Although a U.S. Supreme Court decision put an end to climate lawsuits alleging violations of the federal common law of public nuisance, a second round of state actions may get further, researchers said recently.

There are two major categories of new evidence that are now available for pleadings, said Stephen Jones, general counsel of Praedicat, a liability risk analytics firm, during a virtual Reinsurance Rendez-Vous de Septembre presentation in mid-September. After explaining that a 2011 U.S. Supreme Court ruling found that the Clean Air Act displaced federal tort actions, he said that a second wave of roughly 18 cases started hitting the state courts around 2017. (See related article, “Social Inflation or Science: What Is Fueling Climate Litigation?“)

“One new category of evidence that can bolster these cases is evidence that specific defendant oil and gas companies knew about the potential effects of greenhouse gas emissions on the climate much earlier than the rest of us did—in some cases, as early as the 1960s. “This evidence can show that not only did these companies know that there was the possibility that their actions would cause harm to potential plaintiffs, but we actually know the date they knew. We know when the duty of care attached,” he said

“The body of that evidence is very strong and implicates at least one defendant in each of the 18 cases,” he said.

In addition, the science has changed a lot since the earliest federal cases filed from 2004-2012, and quashed by the Supreme Court decision. “Climate science is one of the most studied fields,” he said.
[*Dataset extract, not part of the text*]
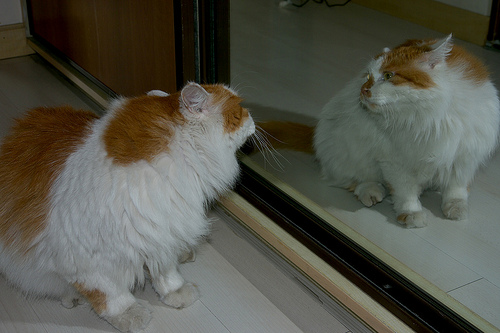<image>
Is the cat in front of the mirror? Yes. The cat is positioned in front of the mirror, appearing closer to the camera viewpoint. 
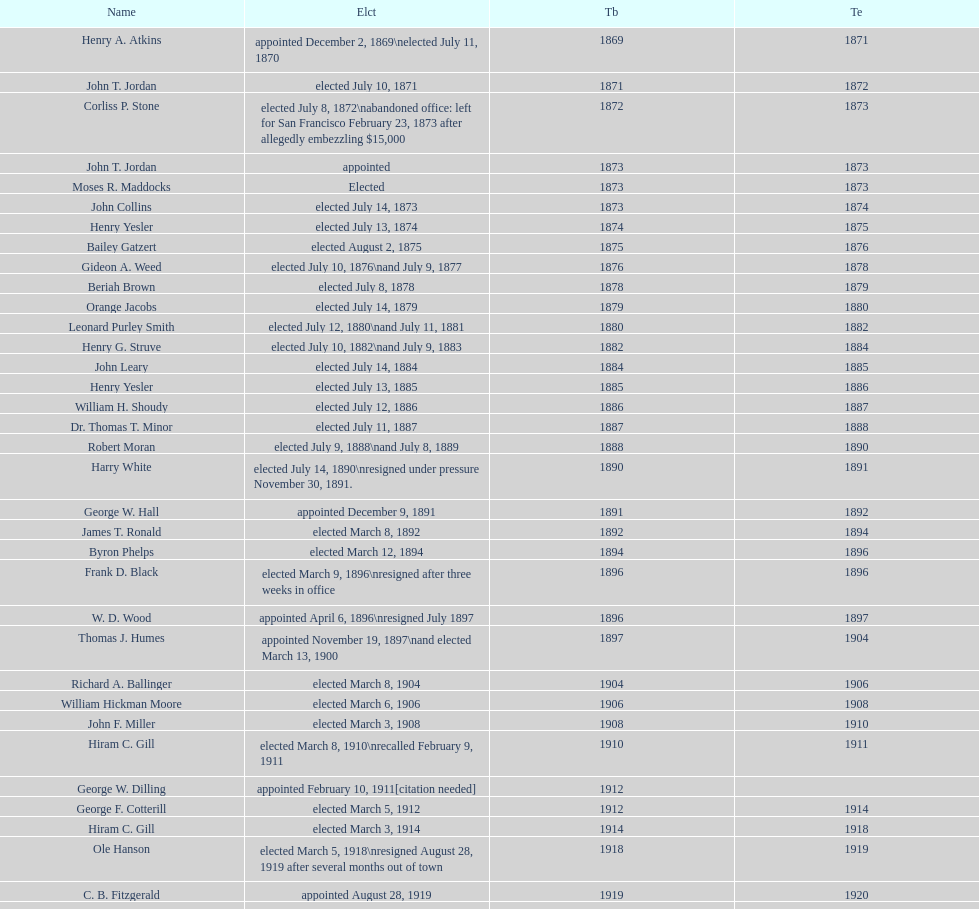Who was mayor of seattle, washington before being appointed to department of transportation during the nixon administration? James d'Orma Braman.

What’s making the job of plaintiffs easier is the acceptance of attribution science, explained Adam Grossman, co-founder of Praedicat. “Attribution science really is this idea that you can go in and examine the climate models and you can run different essentially alternate universes that ask, “What would have happened in our normal climate before global warming? How often would you see a Category 5 storm hit the Gulf Coast? Or how often would you get a million-acre wildfire in California?”

Grossman, who is Praedicat’s senior scientist and vice president of modeling, said climate models allow for assumptions of no change or different levels of global warming overall to assess how much of a current risk is due to climate change. “When the Pacific Northwest heatwave hit earlier this year, there were studies that came up almost immediately telling us that it was 150-times more likely than before anthropogenic climate change.”

“This body of science is now really telling us how likely these things would have been to happen [before] and how likely they are now. The difference between those provides a pretty significant opening for the plaintiffs to argue that this would not have happened but for climate change, or that climate change is a substantial contributor depending on the various legal standards that they have to show.”

There’s also an ability to go back and assess which companies have contributed what percentage of greenhouse gas, he said, referring to carbon dioxide equivalents (measures used to compare the emissions from various greenhouse gases on the basis of their global-warming potential).

Praedicat Chief Executive Officer Robert Reville asked Grossman directly whether the attribution science piece of the evidence would be much more likely to get through evidentiary hearings—and be able to be brought to a jury. “Absolutely,” Grossman said. “Probably the best proof of that is the fact that the recent report from the Intergovernmental Panel on Climate Change used attribution science throughout. So, for a defendant to argue that attribution science is theoretical and not accepted just doesn’t really hold water anymore. At least it would be a very difficult argument to make.”